Quanta confusão! só para relatar os fatos mais engraçados acontecidos durante uma semana de trabalho no projeto. Eu já estava muito bala, pois fiz a primeira crônica e a maioria do pessoal só botam defeitos, então para acabar com tudo isso, vamos fazer uma rápida reprise.
   Nos primeiros dias só era alegria. Para falar a verdade as coisas que iriam ser feitas seriam as mais fácies. Agora se prepare para a história dos dias seguintes que vem por ai, por causa de tanto trabalho que deram  essas crônicas.
    O que a gente mais fez foi rir sabe por quê? A professora queria ser enforcada e ser pendurada na árvore do pátio  da escola porque achava que não iria dar tempo de entregar o esqueleto do livro a tempo. Já a outra  avisava: - “se vocês destruírem  meu lar, eu vou morar na casa de vocês, pois já faz uma semana que eu não vou em casa almoçar, trabalhando nesse projeto”. E eu que estava tão cansado só faltava dormir em pé. Mas depois de tudo isso nada de grave aconteceu, fora a professora que desligou o computador com o esqueleto do livro dentro. Parecia que não tinha sido salvo. Só depois viu a besteira que ela fez, mas não se preocupe os arquivos tinham sido salvos. Só que antes disso, ela foi até a chave geral e religou os computadores. Antes que ligasse teve até oração para que os arquivos não tivessem se perdido naquele vasto mundo de números, mas tudo acabou bem.
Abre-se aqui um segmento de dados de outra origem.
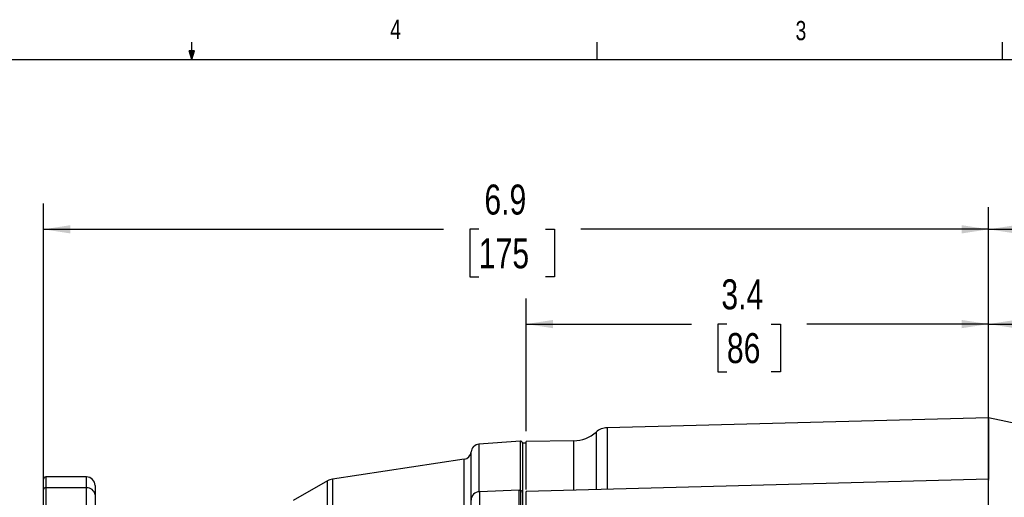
# Model space of a CAD drawing. Header units: inches. Extents: x 0.4 to 16.6, y 0.2 to 10.8.
# Tile 10 of 15: x 7.7 to 12.4, y 8.5 to 10.8. Entities that reach past the tile are written whole.
import ezdxf

# ---------------------------------------------------------------- set-up
doc = ezdxf.new("R2010")
doc.units = ezdxf.units.IN
doc.header["$MEASUREMENT"] = 0
doc.layers.add('BORDER', color=7, linetype='Continuous', lineweight=25)
doc.layers.add('SLD-0', color=7, linetype='Continuous', lineweight=25)
doc.styles.add('SLDTEXTSTYLE0', font='TXT', dxfattribs={"width": 0.75})
doc.dimstyles.new('SLDDIMSTYLE0', dxfattribs={"dimtxt": 0.145833, "dimasz": 0.13, "dimexe": 0, "dimexo": 0.0625, "dimgap": 0.036458, "dimtad": 0, "dimtih": 1, "dimtoh": 1, "dimdec": 1, "dimlfac": 1.5, "dimrnd": 1e-09, "dimzin": 12, "dimdsep": 46, "dimtxsty": 'SLDTEXTSTYLE0', "dimsah": 1, "dimcen": 0.09, "dimadec": 0, "dimazin": 3, "dimtfac": 1, "dimtdec": 1, "dimtofl": 0, "dimtmove": 0, "dimatfit": 3, "dimfxl": 0, "dimfrac": 2, "dimtolj": 1, "dimtzin": 12, "dimarcsym": 0})

# ---------------------------------------------------------------- blocks, each defined once
blk = doc.blocks.new('_D_5')
at = {"layer": 'SLD-0'}
for p, q in [((7.7809, 8.6015), (7.7809, 9.9416)), ((7.7809, 9.8166), (9.7228, 9.8166)), ((9.8949, 9.8166), (9.8505, 9.8166)), ((9.8505, 9.8166), (9.8505, 9.5849)), ((10.2181, 9.8166), (10.2625, 9.8166)), ((10.2625, 9.8166), (10.2625, 9.5849)), ((12.3699, 9.8166), (10.3902, 9.8166)), ((9.8505, 9.5849), (9.8949, 9.5849)), ((10.2625, 9.5849), (10.2181, 9.5849))]:
    blk.add_line(p, q, dxfattribs=at)
for points in [[(7.7809, 9.8166), (7.9109, 9.7966), (7.9109, 9.8366)], [(12.3699, 9.8166), (12.2399, 9.8366), (12.2399, 9.7966)]]:
    blk.add_solid(points, dxfattribs=at)
at = {"layer": 'SLD-0', "char_height": 0.14583, "attachment_point": 1, "style": 'SLDTEXTSTYLE0'}
for s, insert in [('6.9', (9.9219, 10.0342)), ('175', (9.8949, 9.7729))]:
    blk.add_mtext(s, dxfattribs=dict(at, insert=insert))
blk = doc.blocks.new('_D_6')
at = {"layer": 'SLD-0'}
for p, q in [((10.1242, 8.835), (10.1242, 9.481)), ((10.1242, 9.356), (10.9273, 9.356)), ((11.0993, 9.356), (11.055, 9.356)), ((11.055, 9.356), (11.055, 9.1242)), ((11.3148, 9.356), (11.3592, 9.356)), ((11.3592, 9.356), (11.3592, 9.1242)), ((12.3699, 9.356), (11.4869, 9.356)), ((11.055, 9.1242), (11.0993, 9.1242)), ((11.3592, 9.1242), (11.3148, 9.1242))]:
    blk.add_line(p, q, dxfattribs=at)
for points in [[(10.1242, 9.356), (10.2542, 9.336), (10.2542, 9.376)], [(12.3699, 9.356), (12.2399, 9.376), (12.2399, 9.336)]]:
    blk.add_solid(points, dxfattribs=at)
at = {"layer": 'SLD-0', "char_height": 0.14583, "attachment_point": 1, "style": 'SLDTEXTSTYLE0'}
for s, insert in [('3.4', (11.0725, 9.5735)), ('86', (11.0993, 9.3122))]:
    blk.add_mtext(s, dxfattribs=dict(at, insert=insert))
blk = doc.blocks.new('_D_7')
at = {"layer": 'SLD-0'}
for p, q in [((13.9763, 8.6418), (13.9763, 9.481)), ((12.3699, 9.356), (12.8635, 9.356)), ((13.0356, 9.356), (12.9912, 9.356)), ((12.9912, 9.356), (12.9912, 9.1242)), ((13.2511, 9.356), (13.2954, 9.356)), ((13.2954, 9.356), (13.2954, 9.1242)), ((13.9763, 9.356), (13.4231, 9.356)), ((12.9912, 9.1242), (13.0356, 9.1242)), ((13.2954, 9.1242), (13.2511, 9.1242))]:
    blk.add_line(p, q, dxfattribs=at)
for points in [[(12.3699, 9.356), (12.4999, 9.336), (12.4999, 9.376)], [(13.9763, 9.356), (13.8463, 9.376), (13.8463, 9.336)]]:
    blk.add_solid(points, dxfattribs=at)
at = {"layer": 'SLD-0', "char_height": 0.14583, "attachment_point": 1, "style": 'SLDTEXTSTYLE0'}
for s, insert in [('2.4', (13.0087, 9.5735)), ('61', (13.0356, 9.3122))]:
    blk.add_mtext(s, dxfattribs=dict(at, insert=insert))
blk = doc.blocks.new('_D_8')
at = {"layer": 'SLD-0'}
for p, q in [((16.0629, 7.6867), (16.0629, 9.9416)), ((12.3699, 9.8166), (14.2, 9.8166)), ((14.3721, 9.8166), (14.3277, 9.8166)), ((14.3277, 9.8166), (14.3277, 9.5849)), ((14.6953, 9.8166), (14.7397, 9.8166)), ((14.7397, 9.8166), (14.7397, 9.5849)), ((16.0629, 9.8166), (14.8674, 9.8166)), ((14.3277, 9.5849), (14.3721, 9.5849)), ((14.7397, 9.5849), (14.6953, 9.5849))]:
    blk.add_line(p, q, dxfattribs=at)
for points in [[(12.3699, 9.8166), (12.4999, 9.7966), (12.4999, 9.8366)], [(16.0629, 9.8166), (15.9329, 9.8366), (15.9329, 9.7966)]]:
    blk.add_solid(points, dxfattribs=at)
at = {"layer": 'SLD-0', "char_height": 0.14583, "attachment_point": 1, "style": 'SLDTEXTSTYLE0'}
for s, insert in [('5.5', (14.3991, 10.0342)), ('141', (14.3721, 9.7729))]:
    blk.add_mtext(s, dxfattribs=dict(at, insert=insert))

msp = doc.modelspace()

# ---------------------------------------------------------------- linework, layer by layer
at = {"color": 7, "linetype": 'Continuous', "lineweight": 25}
for p, q in [((12.3699, 8.9009), (10.5177, 8.8524)), ((12.5385, 8.865), (12.3699, 8.9009)), ((12.3699, 8.9009), (12.3699, 8.6016)), ((10.0963, 8.7868), (9.8954, 8.7718)), ((10.1242, 8.7775), (10.1075, 8.7775)), ((10.1075, 8.7775), (10.1075, 8.5371)), ((10.3564, 8.7891), (10.1241, 8.785)), ((9.8232, 8.699), (9.1836, 8.6021)), ((7.9892, 8.6128), (7.7913, 8.6128)), ((7.7809, 8.5515), (7.7809, 8.6024)), ((7.7913, 8.5603), (7.7913, 8.0625)), ((7.9892, 8.5603), (7.7913, 8.5603)), ((7.9892, 8.3808), (7.9892, 8.5603)), ((8.0309, 8.5712), (8.0309, 8.5252)), ((9.1604, 8.594), (8.9934, 8.498)), ((12.37, 8.6016), (10.1241, 8.5428)), ((7.7809, 8.0537), (7.7809, 8.5515)), ((8.0309, 8.5252), (8.0309, 8.4444)), ((10.0908, 8.5479), (9.8974, 8.5411)), ((10.1075, 8.5371), (10.1075, 8.1337))]:
    msp.add_line(p, q, dxfattribs=at)
at = {"color": 8, "linetype": 'Continuous', "lineweight": 25}
for p, q in [((10.5177, 8.8524), (10.5177, 8.5531)), ((10.4644, 8.8313), (10.4644, 8.5517)), ((9.8954, 8.7718), (9.8954, 8.541)), ((10.0963, 8.5477), (10.0963, 8.7868)), ((10.3564, 8.5489), (10.3564, 8.7891)), ((9.857, 8.4453), (9.857, 8.7345)), ((9.8232, 8.4453), (9.8232, 8.699)), ((7.7913, 8.6128), (7.7913, 8.5603)), ((7.9892, 8.5603), (7.9892, 8.6128)), ((9.1604, 8.1921), (9.1604, 8.594)), ((9.1836, 8.6021), (9.1836, 8.1983)), ((9.8974, 8.5411), (9.8974, 8.1252)), ((10.0908, 8.1269), (10.0908, 8.5479)), ((10.0987, 8.1272), (10.0987, 8.5474))]:
    msp.add_line(p, q, dxfattribs=at)
at = {"color": 7, "linetype": 'Continuous', "lineweight": 25}
for centre, radius, start, end in [((10.5199, 8.7691), 0.0833, 91.5, 131.7081), ((10.3535, 8.9557), 0.1667, 271, 311.7081), ((9.8985, 8.7303), 0.0417, 94.2704, 174.1396), ((10.0971, 8.7764), 0.0104, 0, 94.2704), ((9.8172, 8.7386), 0.04, 278.6206, 354.1396), ((7.7913, 8.6024), 0.0104, 90, 180), ((7.9892, 8.5712), 0.0417, 0, 90), ((7.7905, 8.5506), 0.0097, 85.5295, 174.6908), ((7.9922, 8.5216), 0.0388, 5.3092, 94.4705), ((9.1936, 8.5362), 0.0667, 98.6206, 119.8916), ((9.8989, 8.4995), 0.0417, 92, 180), ((10.0922, 8.5062), 0.0417, 81.0288, 92), ((10.0971, 8.5371), 0.0104, 0, 81.0288)]:
    msp.add_arc(centre, radius, start, end, dxfattribs=at)
for points, knots in [([(10.1242, 8.5516), (10.1242, 8.5577), (10.1242, 8.5949), (10.1242, 8.6481), (10.1242, 8.7096), (10.1242, 8.7526), (10.1242, 8.7799), (10.1242, 8.7833), (10.1242, 8.785)], [0, 0, 0, 0, 0.037793, 0.230235, 0.422676, 0.615117, 0.807559, 1, 1, 1, 1]), ([(12.3699, 8.1525), (12.3699, 8.1828), (12.3699, 8.2433), (12.3699, 8.3419), (12.3699, 8.4345), (12.3699, 8.5138), (12.3699, 8.5704), (12.3699, 8.6002), (12.3699, 8.5985), (12.3699, 8.5979)], [0, 0, 0, 0, 0.15291, 0.305819, 0.458729, 0.611639, 0.764548, 0.917458, 1, 1, 1, 1]), ([(10.1242, 8.1301), (10.1242, 8.1563), (10.1242, 8.2087), (10.1242, 8.3035), (10.1242, 8.3946), (10.1242, 8.473), (10.1242, 8.5239), (10.1242, 8.5466), (10.1242, 8.5414), (10.1242, 8.5407)], [0, 0, 0, 0, 0.162629, 0.325259, 0.487888, 0.650518, 0.813147, 0.975777, 1, 1, 1, 1])]:
    msp.add_open_spline(points, degree=3, knots=knots, dxfattribs=at)
at = {"layer": 'BORDER'}
for p, q in [((8.501, 10.6421), (8.501, 10.7269)), ((10.4698, 10.6421), (10.4698, 10.7269)), ((12.4385, 10.6421), (12.4385, 10.7269)), ((8.501, 10.6421), (8.4878, 10.684)), ((8.5136, 10.684), (8.4878, 10.684)), ((8.494, 10.684), (8.501, 10.6421)), ((8.501, 10.6421), (8.5136, 10.684)), ((8.5059, 10.684), (8.501, 10.6421)), ((0.6263, 10.6421), (16.3763, 10.6421))]:
    msp.add_line(p, q, dxfattribs=at)
at = {"layer": 'SLD-0'}
msp.add_line((12.3699, 3.4128), (12.3699, 9.9249), dxfattribs=at)

# ---------------------------------------------------------------- texts
at = {"color": 7, "linetype": 'Continuous', "lineweight": 0, "char_height": 0.0937, "attachment_point": 1, "style": 'SLDTEXTSTYLE0'}
for s, insert in [('4', (9.4643, 10.8357)), ('3', (11.4327, 10.8295))]:
    msp.add_mtext(s, dxfattribs=dict(at, insert=insert))

# ---------------------------------------------------------------- dimensions: what is measured, and where the dimension line sits
at = {"layer": 'SLD-0'}
for base, p1, picture, middle in [((12.3699, 9.8166), (7.7809, 8.5515), '_D_5', (10.0565, 9.8166)), ((12.3699, 9.8166), (16.0629, 7.6367), '_D_8', (14.5337, 9.8166)), ((12.3699, 9.356), (10.1242, 8.785), '_D_6', (11.2071, 9.356)), ((12.3699, 9.356), (13.9763, 8.5918), '_D_7', (13.1433, 9.356))]:
    dim = msp.add_linear_dim(base=base, p1=p1, p2=(12.3699, 9.9249), dimstyle='SLDDIMSTYLE0', dxfattribs=at)
    dim.commit()
    dim.dimension.update_dxf_attribs({"geometry": picture, "text_midpoint": middle, "dimtype": 160})

doc.saveas('drawing.dxf')

    E por fim, como a nossa dedicada professora não tinha almoçado, quando foi tomar o lanche que a senhora da cozinha fez com tanto carinho, o café tinha ficado frio de tanta demora e a macaxeira virado mingau de tão mole que estava.
    Depois disso, ainda entrava na sala onde estávamos trabalhando um monte de gente falando. Parecia que  estávamos  dentro de um comitê político.
    As crônicas estavam prontas. Agora tínhamos  que fazer o apanhamento do preço do coquetel. Que chique! Vai ali, vai acolá, negocia aqui e acaba ficando com o de lá. Esqueci de mencionar, vai haver uma noite de autógrafos para lançamento do livro e o destaque principal será nós, estudantes, divulgando o trabalho de futuros cronistas.
    Ah! Esqueci ainda de dizer: - viu como não é difícil fazer uma crônica? você pode ser o próximo cronista, transformando fatos banais em literatura.